Go over the data and work out how many lines include the word "right". Give that number only.

Data for this exercise Block Start

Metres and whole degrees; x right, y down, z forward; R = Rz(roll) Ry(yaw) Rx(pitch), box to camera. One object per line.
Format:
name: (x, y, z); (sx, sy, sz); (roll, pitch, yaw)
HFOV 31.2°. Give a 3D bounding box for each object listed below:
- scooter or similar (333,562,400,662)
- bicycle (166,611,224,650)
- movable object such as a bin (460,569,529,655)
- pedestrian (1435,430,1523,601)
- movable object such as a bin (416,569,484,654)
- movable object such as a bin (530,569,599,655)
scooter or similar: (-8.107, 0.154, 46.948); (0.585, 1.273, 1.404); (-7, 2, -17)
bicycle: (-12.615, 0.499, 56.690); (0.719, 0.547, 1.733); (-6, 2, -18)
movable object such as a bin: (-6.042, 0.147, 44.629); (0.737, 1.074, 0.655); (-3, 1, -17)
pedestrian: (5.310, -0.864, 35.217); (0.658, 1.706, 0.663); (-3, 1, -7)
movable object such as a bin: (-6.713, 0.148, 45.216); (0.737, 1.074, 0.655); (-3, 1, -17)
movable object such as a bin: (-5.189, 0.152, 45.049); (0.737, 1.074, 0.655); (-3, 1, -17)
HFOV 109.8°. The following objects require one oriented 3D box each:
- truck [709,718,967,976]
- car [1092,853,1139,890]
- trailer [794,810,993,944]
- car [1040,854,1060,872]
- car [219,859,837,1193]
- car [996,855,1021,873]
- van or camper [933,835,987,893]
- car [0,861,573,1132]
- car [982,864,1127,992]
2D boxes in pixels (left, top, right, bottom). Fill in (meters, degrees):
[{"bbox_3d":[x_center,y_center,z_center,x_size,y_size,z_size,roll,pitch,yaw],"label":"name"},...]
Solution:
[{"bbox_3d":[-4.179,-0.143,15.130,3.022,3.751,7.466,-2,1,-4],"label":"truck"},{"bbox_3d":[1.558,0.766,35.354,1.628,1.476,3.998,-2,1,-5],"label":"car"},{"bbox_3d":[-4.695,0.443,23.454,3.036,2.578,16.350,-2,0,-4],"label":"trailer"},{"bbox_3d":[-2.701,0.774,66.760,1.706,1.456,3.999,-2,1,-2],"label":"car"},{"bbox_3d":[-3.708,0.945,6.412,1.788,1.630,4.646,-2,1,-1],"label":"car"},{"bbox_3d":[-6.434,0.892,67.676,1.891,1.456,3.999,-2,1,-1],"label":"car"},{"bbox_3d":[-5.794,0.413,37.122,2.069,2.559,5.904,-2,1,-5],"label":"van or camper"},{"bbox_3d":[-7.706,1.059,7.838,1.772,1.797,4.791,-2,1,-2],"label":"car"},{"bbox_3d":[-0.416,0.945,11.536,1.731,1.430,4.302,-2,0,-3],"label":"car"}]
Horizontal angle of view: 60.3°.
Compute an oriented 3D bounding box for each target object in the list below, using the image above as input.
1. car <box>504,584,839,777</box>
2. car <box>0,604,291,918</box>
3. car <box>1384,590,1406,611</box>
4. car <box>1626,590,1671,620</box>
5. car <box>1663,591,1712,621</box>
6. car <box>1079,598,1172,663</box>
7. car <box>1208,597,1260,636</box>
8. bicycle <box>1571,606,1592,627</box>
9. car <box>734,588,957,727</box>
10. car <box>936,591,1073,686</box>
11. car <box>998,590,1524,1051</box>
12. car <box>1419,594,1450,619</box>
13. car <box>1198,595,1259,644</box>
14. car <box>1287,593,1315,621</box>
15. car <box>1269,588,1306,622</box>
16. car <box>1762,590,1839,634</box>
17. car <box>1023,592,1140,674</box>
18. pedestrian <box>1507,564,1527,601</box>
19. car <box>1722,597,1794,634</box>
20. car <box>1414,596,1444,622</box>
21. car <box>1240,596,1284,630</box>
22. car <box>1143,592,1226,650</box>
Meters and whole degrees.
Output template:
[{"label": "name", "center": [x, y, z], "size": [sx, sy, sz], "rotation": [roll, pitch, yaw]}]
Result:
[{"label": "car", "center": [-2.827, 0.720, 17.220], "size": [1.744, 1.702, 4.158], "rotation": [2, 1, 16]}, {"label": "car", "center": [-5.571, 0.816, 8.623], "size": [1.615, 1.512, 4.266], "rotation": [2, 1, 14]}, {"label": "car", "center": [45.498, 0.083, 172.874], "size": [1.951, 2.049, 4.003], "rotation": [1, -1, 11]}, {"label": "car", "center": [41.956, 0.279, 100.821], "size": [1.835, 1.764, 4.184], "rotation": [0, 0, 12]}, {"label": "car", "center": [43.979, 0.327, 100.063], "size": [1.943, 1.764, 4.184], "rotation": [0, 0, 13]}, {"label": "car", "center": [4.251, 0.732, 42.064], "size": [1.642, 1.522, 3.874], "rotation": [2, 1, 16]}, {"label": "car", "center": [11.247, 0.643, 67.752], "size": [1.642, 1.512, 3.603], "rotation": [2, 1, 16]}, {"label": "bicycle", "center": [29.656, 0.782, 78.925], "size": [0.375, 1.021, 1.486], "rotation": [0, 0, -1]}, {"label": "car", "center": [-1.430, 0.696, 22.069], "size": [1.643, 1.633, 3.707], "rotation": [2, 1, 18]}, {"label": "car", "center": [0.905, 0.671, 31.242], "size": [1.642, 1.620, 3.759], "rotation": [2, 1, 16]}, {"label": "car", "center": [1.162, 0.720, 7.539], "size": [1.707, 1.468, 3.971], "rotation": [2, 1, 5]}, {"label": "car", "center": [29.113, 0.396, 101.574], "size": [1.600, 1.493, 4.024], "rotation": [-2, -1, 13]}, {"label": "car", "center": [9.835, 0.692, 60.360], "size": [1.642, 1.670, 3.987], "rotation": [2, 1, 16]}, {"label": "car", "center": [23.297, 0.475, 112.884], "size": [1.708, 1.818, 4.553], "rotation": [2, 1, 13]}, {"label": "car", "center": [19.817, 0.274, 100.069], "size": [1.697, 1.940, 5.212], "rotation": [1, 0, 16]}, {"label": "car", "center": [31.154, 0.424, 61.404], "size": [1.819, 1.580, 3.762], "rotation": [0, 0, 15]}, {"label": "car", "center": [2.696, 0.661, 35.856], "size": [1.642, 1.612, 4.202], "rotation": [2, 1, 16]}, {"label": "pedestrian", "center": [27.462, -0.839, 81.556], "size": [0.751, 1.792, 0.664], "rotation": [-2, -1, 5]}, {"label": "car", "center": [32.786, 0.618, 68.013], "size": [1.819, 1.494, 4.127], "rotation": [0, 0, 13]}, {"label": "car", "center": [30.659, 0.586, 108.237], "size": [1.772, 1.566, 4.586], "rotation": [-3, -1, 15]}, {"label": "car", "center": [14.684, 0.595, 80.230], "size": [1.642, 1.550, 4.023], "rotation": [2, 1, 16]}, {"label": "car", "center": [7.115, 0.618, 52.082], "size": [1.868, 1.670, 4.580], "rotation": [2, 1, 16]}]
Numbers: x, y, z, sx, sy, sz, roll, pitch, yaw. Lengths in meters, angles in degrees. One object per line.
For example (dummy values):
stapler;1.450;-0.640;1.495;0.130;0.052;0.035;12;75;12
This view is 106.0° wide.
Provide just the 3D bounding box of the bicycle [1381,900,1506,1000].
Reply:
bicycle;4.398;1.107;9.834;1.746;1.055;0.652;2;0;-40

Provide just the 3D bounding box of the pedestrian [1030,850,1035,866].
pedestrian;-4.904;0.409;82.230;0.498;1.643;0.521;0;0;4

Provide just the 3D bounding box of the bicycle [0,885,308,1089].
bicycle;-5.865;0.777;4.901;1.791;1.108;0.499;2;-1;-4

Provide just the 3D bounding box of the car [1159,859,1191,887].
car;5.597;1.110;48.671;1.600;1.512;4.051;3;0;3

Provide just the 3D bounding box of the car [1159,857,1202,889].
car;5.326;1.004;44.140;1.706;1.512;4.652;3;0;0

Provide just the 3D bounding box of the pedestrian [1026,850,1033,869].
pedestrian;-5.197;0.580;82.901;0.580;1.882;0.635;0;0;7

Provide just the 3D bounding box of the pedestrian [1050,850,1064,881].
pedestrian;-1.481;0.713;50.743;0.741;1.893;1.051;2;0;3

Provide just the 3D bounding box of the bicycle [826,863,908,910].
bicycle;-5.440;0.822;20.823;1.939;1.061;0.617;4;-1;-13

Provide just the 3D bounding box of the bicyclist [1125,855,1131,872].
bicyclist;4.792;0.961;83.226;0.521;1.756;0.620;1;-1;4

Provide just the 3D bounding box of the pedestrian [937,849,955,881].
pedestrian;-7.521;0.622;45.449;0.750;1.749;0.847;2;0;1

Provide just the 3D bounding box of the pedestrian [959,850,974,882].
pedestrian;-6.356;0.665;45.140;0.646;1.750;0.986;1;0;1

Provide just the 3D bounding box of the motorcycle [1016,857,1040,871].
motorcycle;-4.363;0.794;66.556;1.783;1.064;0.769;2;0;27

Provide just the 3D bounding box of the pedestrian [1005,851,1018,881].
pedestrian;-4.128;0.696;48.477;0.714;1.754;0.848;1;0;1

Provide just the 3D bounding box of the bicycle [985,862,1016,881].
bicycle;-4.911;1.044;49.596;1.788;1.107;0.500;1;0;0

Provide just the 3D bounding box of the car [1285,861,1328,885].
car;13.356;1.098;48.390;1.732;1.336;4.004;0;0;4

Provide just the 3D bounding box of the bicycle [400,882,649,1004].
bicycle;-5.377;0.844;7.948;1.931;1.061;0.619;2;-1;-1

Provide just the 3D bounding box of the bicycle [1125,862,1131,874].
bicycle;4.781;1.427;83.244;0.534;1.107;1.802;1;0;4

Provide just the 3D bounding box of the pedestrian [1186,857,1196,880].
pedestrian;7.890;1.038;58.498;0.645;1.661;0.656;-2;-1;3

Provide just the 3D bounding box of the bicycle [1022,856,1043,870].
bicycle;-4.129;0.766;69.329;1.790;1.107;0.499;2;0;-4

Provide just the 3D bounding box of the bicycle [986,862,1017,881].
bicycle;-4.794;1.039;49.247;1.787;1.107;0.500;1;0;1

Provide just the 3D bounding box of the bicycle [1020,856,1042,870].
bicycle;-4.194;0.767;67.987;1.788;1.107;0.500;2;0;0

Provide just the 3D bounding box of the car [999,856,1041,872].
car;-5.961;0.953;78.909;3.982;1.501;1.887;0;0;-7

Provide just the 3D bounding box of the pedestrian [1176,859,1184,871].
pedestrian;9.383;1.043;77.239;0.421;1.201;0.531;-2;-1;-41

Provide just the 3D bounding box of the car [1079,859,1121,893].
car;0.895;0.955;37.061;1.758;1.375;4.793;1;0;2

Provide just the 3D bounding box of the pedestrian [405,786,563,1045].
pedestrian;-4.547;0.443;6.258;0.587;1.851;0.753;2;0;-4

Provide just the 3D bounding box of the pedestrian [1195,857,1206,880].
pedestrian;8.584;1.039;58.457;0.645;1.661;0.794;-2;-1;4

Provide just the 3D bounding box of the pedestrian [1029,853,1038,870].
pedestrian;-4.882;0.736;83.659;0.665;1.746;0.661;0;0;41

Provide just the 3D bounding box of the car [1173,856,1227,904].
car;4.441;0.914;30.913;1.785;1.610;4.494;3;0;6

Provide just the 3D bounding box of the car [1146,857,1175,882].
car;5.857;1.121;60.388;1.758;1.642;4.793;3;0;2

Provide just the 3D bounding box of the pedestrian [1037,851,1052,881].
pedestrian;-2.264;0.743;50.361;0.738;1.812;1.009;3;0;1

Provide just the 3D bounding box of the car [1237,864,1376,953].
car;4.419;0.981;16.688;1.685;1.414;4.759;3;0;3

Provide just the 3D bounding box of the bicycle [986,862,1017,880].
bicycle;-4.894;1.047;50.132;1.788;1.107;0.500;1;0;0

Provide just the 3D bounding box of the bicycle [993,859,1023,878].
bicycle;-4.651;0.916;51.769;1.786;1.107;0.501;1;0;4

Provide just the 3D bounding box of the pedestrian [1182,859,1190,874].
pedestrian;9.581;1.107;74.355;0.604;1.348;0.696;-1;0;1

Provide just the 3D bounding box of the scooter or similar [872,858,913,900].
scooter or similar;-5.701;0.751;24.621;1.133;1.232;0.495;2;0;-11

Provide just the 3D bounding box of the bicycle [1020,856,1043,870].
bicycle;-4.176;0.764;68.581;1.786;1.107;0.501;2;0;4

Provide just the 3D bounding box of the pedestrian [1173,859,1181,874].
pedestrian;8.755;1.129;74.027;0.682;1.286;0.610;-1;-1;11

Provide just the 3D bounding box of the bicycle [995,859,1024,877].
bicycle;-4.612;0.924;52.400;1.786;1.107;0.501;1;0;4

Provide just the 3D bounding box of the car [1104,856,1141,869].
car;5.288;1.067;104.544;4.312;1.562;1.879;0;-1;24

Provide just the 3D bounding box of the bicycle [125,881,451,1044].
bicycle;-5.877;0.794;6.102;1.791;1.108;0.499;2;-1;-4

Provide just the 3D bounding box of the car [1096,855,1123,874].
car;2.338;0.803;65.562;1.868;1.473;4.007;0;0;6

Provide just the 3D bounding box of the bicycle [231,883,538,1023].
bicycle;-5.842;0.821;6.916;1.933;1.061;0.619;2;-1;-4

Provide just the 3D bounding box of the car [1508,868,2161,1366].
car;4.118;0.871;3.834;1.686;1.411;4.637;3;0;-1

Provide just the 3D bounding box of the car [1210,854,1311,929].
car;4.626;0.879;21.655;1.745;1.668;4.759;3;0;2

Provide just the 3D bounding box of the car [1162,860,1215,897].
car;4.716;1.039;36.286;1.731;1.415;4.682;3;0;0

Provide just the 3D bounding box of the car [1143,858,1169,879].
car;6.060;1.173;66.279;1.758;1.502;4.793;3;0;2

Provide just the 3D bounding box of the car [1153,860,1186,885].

Data for this exercise Block End

** Response below **
2